At the EU Council on Thursday, the ECB president will propose granting the European Commission the right to correct or even rewrite the financial maneuvers of countries with messy accounts - Hollande towards the ok to force the chancellor to make some concessions on the banking union and anti-spread measures.

The Draghi plan between Hollande and Merkel: the final rush towards the top

Ten pages to save the euro. They call it the "Draghi Plan", but the president of the European Central Bank developed it together with the president of the EU Council, Herman Van Rompuy, the president of the Commission, Josè Manuel Barroso, and the number one of the Eurogroup, Jean-Claude Juncker.

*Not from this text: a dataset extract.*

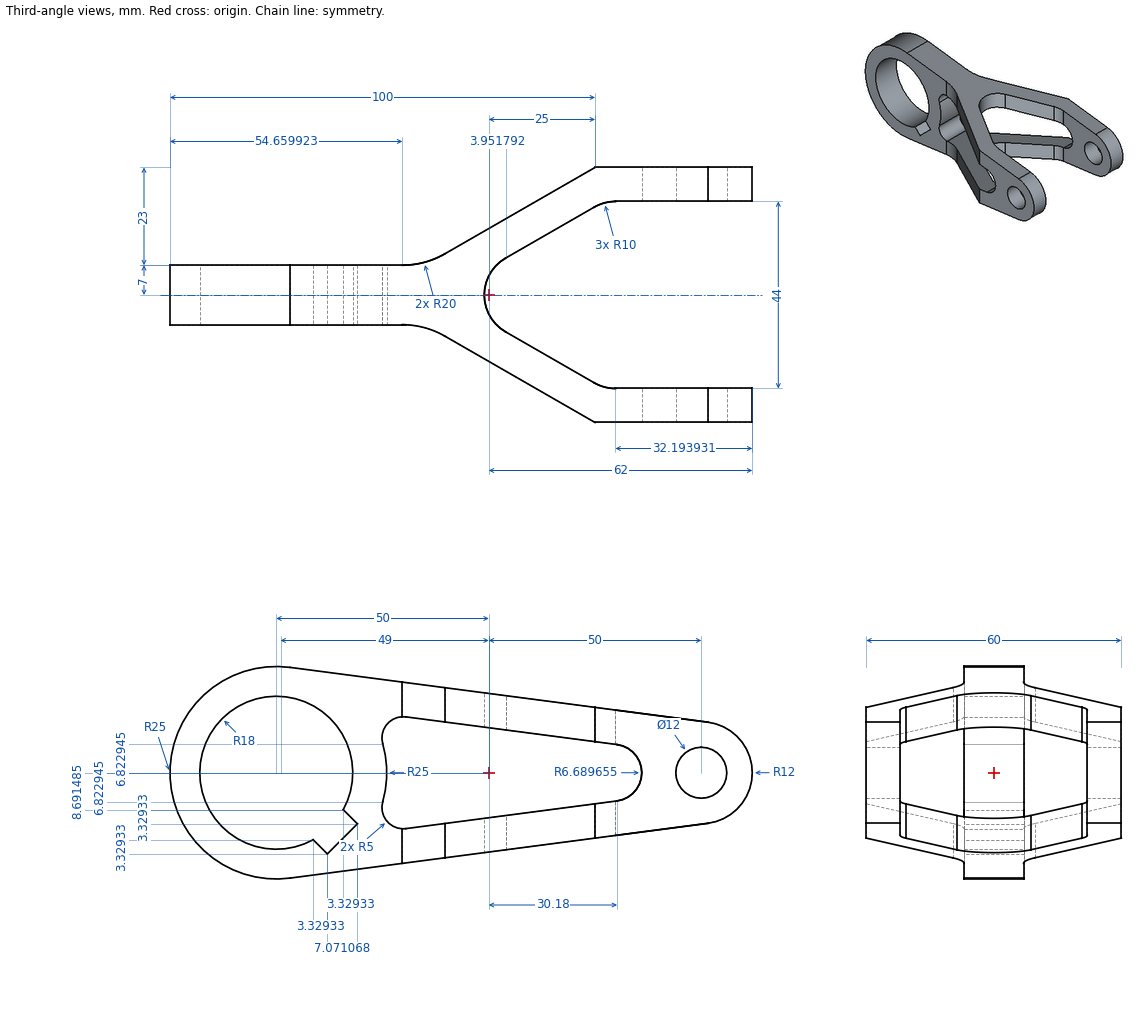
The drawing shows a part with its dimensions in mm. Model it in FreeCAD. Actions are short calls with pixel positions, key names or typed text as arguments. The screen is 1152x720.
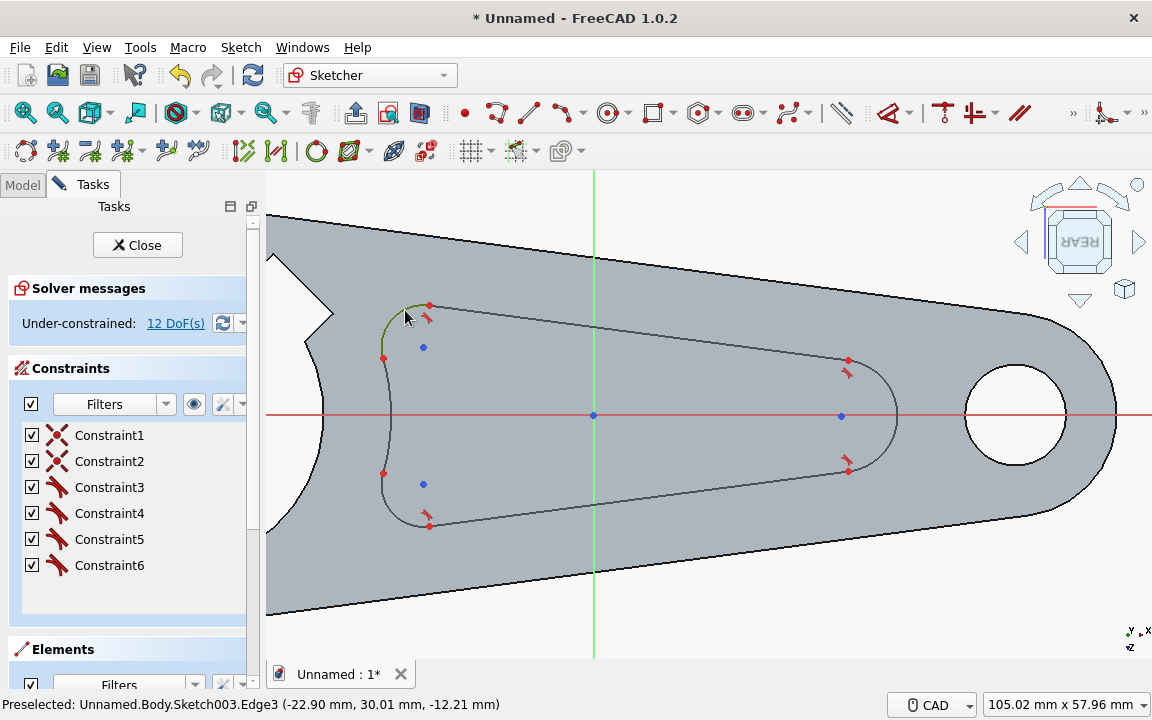
click(390, 439)

The draft will be presented at the European summit on Thursday and yesterday the head of the Eurotower discussed it at the Elysee with the French president, François Hollande. 

The goal is to find a compromise between Paris and Berlin, but to prevent the summit on which the eyes of the whole world are fixed from turning into yet another unsuccessful meeting, it is first of all necessary to reassure the German chancellor. The main hypothesis under study leads the transfer of sovereignty to the extreme consequences: the idea is to grant the European Commission the right to correct or even rewrite the financial maneuvers of countries with messy accounts, even before the law lands in national parliaments. All to enforce the commitment to reduce deficits by 3% between now and 2013. 

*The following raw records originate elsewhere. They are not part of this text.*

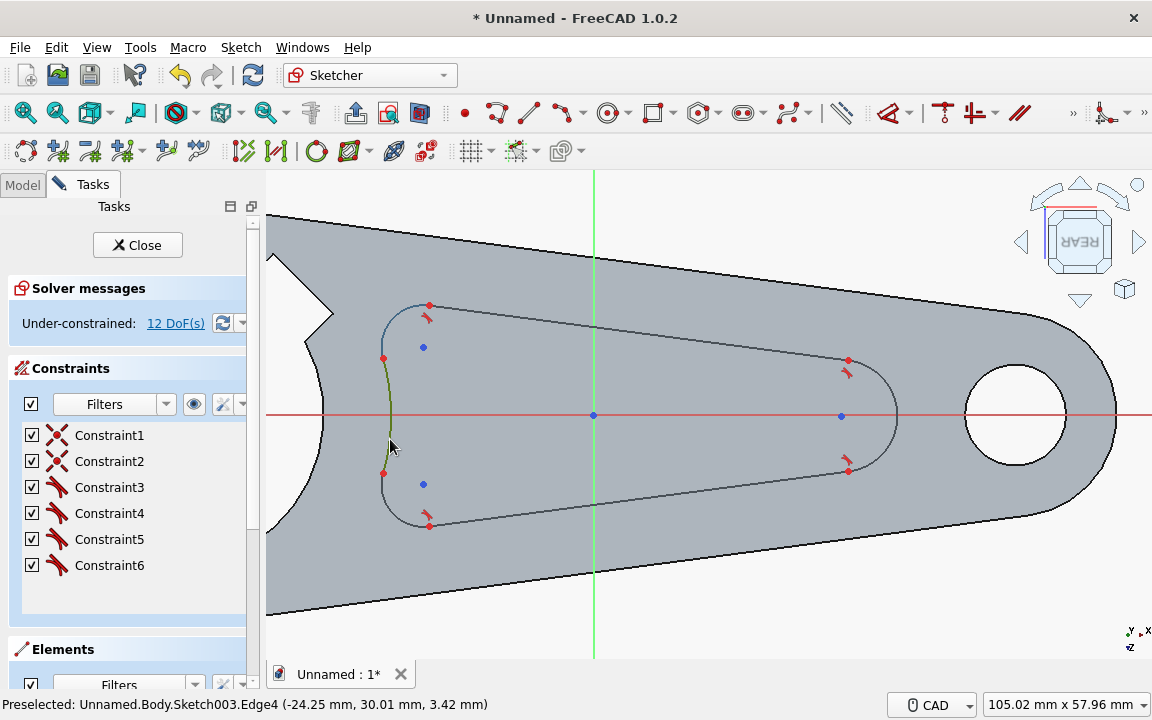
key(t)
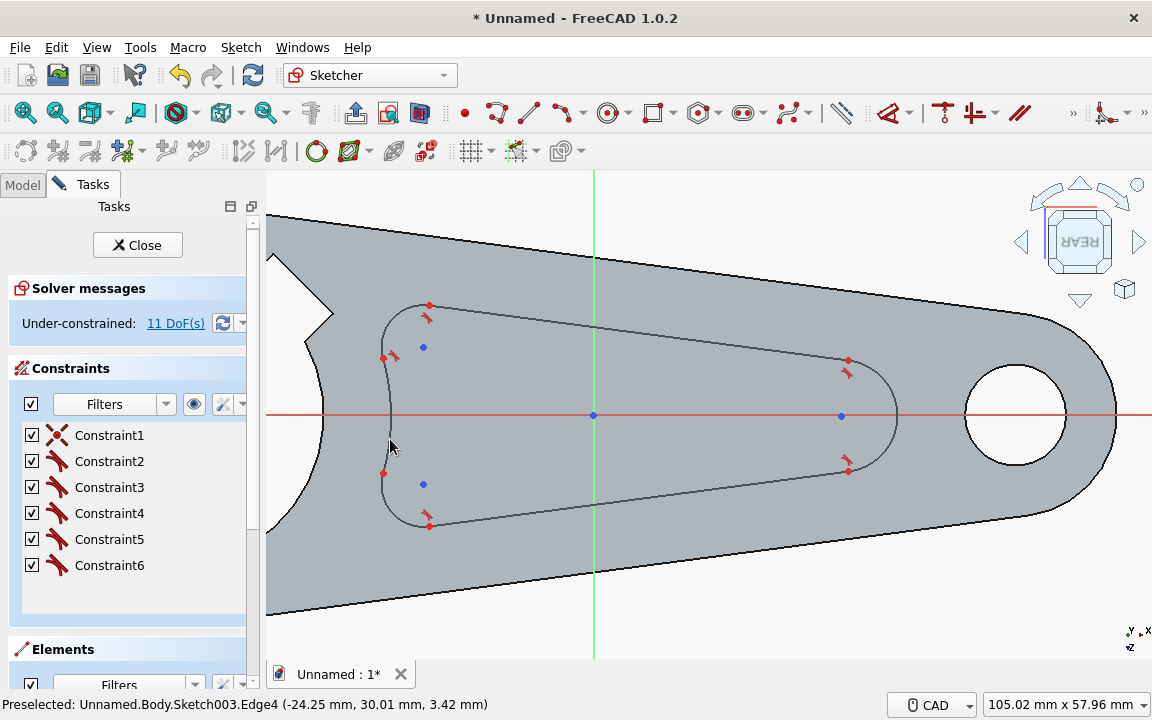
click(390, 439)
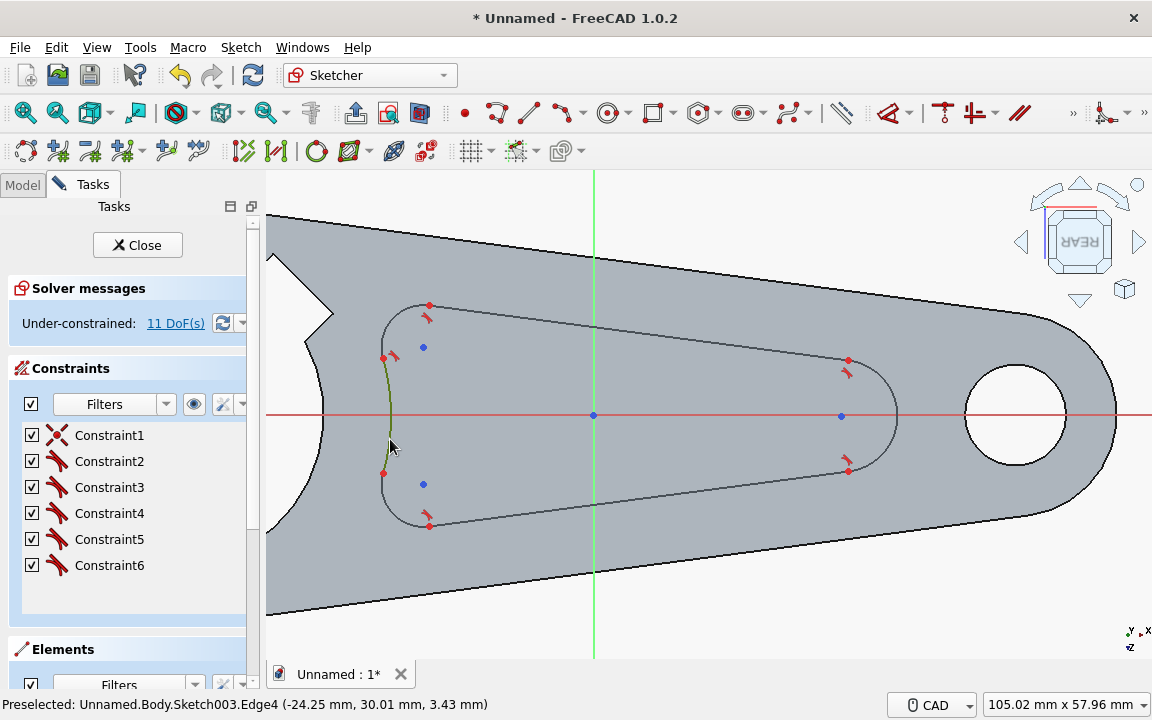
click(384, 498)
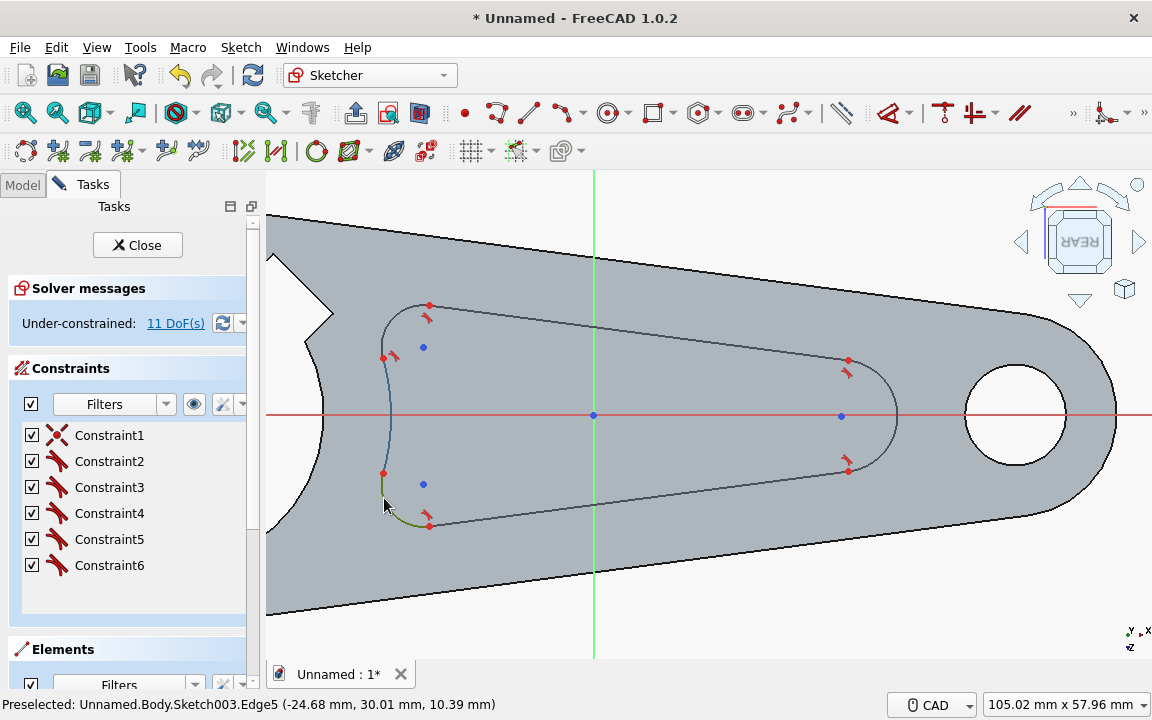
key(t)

Hollande seems willing to accept this regulation to send a signal of goodwill to the Bundestag. In return, Angela Merkel should in turn relax her veto on anti-spread measures. Eurobonds would remain excluded from the plans, which Paris seems to have already given up on, however. For the moment, the matter has been postponed to a date to be determined. 

The new form of fiscal union would in any case – as Germany wants – be an indispensable premise for reaching the longed-for banking union. In turn, this reform presupposes a new centralized supervision, which could be entrusted to the ECB itself or to a new authority. Other issues remain on the table, such as the guarantee of deposits at European level and the creation of a resolution fund. 

All of this will be discussed tonight during the dinner scheduled between Hollande and Merkel in Paris. But that's not all: a meeting will also take place in the French capital between the ministers of the economy of Germany (Wolfgang Schaeuble), Italy (deputy minister Vittorio Grilli), Spain (Luis de Guindos) and France (Pierre Moscovici). The European Commissioner for Economic Affairs, Olli Rehn, will also participate.